■ REQUIRED ACTION ■
With the pictures left out, every record must be reproduced exactly.

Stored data
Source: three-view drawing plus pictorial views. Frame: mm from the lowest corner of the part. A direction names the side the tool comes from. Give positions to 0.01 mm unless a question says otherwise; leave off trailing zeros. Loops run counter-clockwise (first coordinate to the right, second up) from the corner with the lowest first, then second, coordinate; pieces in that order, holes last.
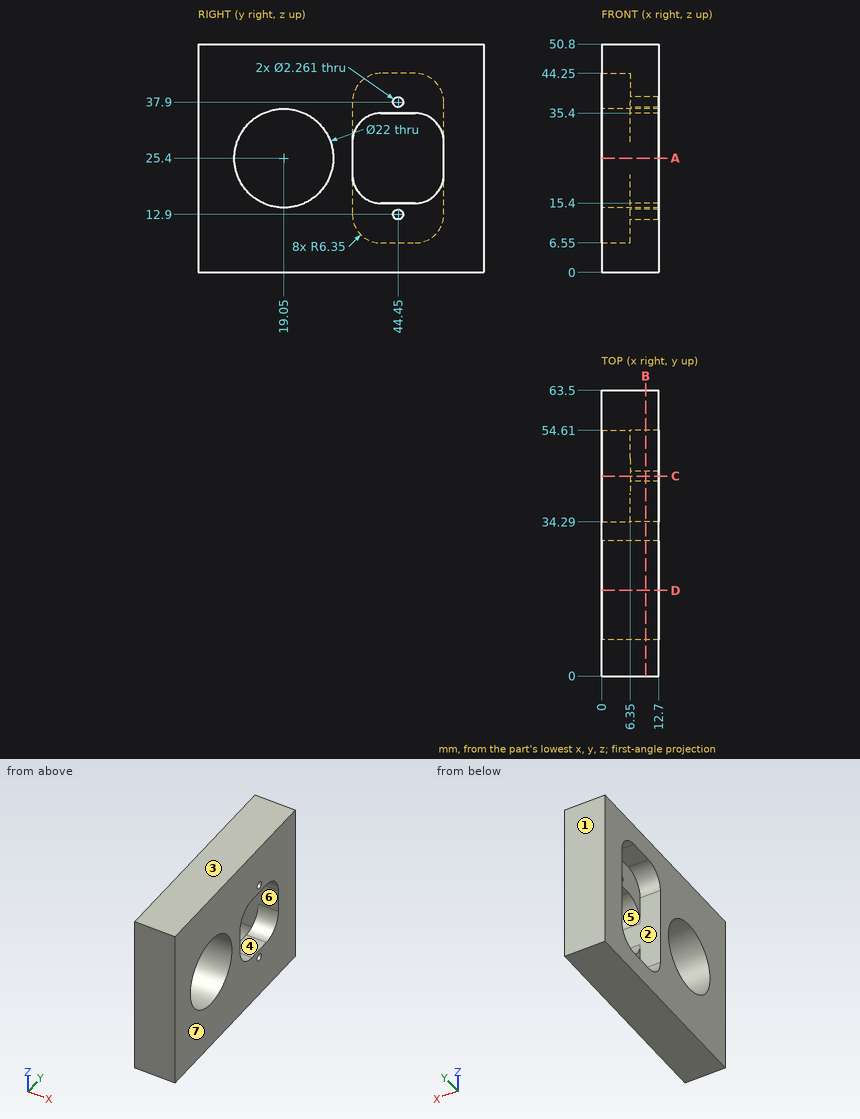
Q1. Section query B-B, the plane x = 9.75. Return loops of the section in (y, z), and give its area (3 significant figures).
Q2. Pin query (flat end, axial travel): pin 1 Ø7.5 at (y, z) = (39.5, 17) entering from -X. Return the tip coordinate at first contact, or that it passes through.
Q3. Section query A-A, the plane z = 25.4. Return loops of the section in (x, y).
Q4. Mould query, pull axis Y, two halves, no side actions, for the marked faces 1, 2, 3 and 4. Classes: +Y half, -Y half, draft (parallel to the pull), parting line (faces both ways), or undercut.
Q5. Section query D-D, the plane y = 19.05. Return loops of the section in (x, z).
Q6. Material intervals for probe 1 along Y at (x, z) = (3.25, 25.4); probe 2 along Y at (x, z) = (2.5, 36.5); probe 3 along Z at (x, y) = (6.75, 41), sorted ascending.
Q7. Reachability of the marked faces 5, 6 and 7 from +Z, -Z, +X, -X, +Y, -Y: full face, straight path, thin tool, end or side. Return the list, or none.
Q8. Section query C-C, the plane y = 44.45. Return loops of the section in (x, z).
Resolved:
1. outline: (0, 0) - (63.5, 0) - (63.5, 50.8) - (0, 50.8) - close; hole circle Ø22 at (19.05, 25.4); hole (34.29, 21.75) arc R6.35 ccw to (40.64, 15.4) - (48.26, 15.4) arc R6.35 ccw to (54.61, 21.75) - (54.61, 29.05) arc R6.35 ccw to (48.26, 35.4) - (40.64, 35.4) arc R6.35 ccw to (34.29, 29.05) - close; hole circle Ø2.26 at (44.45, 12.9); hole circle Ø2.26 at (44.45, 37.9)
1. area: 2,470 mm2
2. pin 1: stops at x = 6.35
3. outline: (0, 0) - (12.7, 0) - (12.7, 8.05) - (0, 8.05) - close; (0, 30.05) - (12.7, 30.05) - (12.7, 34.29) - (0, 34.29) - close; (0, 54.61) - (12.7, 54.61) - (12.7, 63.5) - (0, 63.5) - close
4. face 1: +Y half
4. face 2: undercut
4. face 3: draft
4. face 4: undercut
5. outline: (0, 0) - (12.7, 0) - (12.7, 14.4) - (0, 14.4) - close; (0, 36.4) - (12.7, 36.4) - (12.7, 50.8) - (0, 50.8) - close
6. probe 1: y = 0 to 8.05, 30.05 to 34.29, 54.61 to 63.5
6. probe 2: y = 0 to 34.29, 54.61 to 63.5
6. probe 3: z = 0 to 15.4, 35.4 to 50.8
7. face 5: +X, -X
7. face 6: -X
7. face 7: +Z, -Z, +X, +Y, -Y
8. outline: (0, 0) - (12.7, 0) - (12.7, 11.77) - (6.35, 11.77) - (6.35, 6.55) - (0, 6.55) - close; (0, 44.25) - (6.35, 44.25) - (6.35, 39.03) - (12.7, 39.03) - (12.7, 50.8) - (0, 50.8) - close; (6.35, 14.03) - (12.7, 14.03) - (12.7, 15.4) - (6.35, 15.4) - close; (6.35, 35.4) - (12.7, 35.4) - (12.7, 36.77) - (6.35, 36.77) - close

■ PROBLEM SOLUTION ■
Source: three-view drawing plus pictorial views. Frame: mm from the lowest corner of the part. A direction names the side the tool comes from. Give positions to 0.01 mm unless a question says otherwise; leave off trailing zeros. Loops run counter-clockwise (first coordinate to the right, second up) from the corner with the lowest first, then second, coordinate; pieces in that order, holes last.
Q1. Section query B-B, the plane x = 9.75. Return loops of the section in (y, z), and give its area (3 significant figures).
Q2. Pin query (flat end, axial travel): pin 1 Ø7.5 at (y, z) = (39.5, 17) entering from -X. Return the tip coordinate at first contact, or that it passes through.
Q3. Section query A-A, the plane z = 25.4. Return loops of the section in (x, y).
Q4. Mould query, pull axis Y, two halves, no side actions, for the marked faces 1, 2, 3 and 4. Classes: +Y half, -Y half, draft (parallel to the pull), parting line (faces both ways), or undercut.
Q5. Section query D-D, the plane y = 19.05. Return loops of the section in (x, z).
Q6. Material intervals for probe 1 along Y at (x, z) = (3.25, 25.4); probe 2 along Y at (x, z) = (2.5, 36.5); probe 3 along Z at (x, y) = (6.75, 41), sorted ascending.
Q7. Reachability of the marked faces 5, 6 and 7 from +Z, -Z, +X, -X, +Y, -Y: full face, straight path, thin tool, end or side. Return the list, or none.
Q8. Section query C-C, the plane y = 44.45. Return loops of the section in (x, z).
Resolved:
1. outline: (0, 0) - (63.5, 0) - (63.5, 50.8) - (0, 50.8) - close; hole circle Ø22 at (19.05, 25.4); hole (34.29, 21.75) arc R6.35 ccw to (40.64, 15.4) - (48.26, 15.4) arc R6.35 ccw to (54.61, 21.75) - (54.61, 29.05) arc R6.35 ccw to (48.26, 35.4) - (40.64, 35.4) arc R6.35 ccw to (34.29, 29.05) - close; hole circle Ø2.26 at (44.45, 12.9); hole circle Ø2.26 at (44.45, 37.9)
1. area: 2,470 mm2
2. pin 1: stops at x = 6.35
3. outline: (0, 0) - (12.7, 0) - (12.7, 8.05) - (0, 8.05) - close; (0, 30.05) - (12.7, 30.05) - (12.7, 34.29) - (0, 34.29) - close; (0, 54.61) - (12.7, 54.61) - (12.7, 63.5) - (0, 63.5) - close
4. face 1: +Y half
4. face 2: undercut
4. face 3: draft
4. face 4: undercut
5. outline: (0, 0) - (12.7, 0) - (12.7, 14.4) - (0, 14.4) - close; (0, 36.4) - (12.7, 36.4) - (12.7, 50.8) - (0, 50.8) - close
6. probe 1: y = 0 to 8.05, 30.05 to 34.29, 54.61 to 63.5
6. probe 2: y = 0 to 34.29, 54.61 to 63.5
6. probe 3: z = 0 to 15.4, 35.4 to 50.8
7. face 5: +X, -X
7. face 6: -X
7. face 7: +Z, -Z, +X, +Y, -Y
8. outline: (0, 0) - (12.7, 0) - (12.7, 11.77) - (6.35, 11.77) - (6.35, 6.55) - (0, 6.55) - close; (0, 44.25) - (6.35, 44.25) - (6.35, 39.03) - (12.7, 39.03) - (12.7, 50.8) - (0, 50.8) - close; (6.35, 14.03) - (12.7, 14.03) - (12.7, 15.4) - (6.35, 15.4) - close; (6.35, 35.4) - (12.7, 35.4) - (12.7, 36.77) - (6.35, 36.77) - close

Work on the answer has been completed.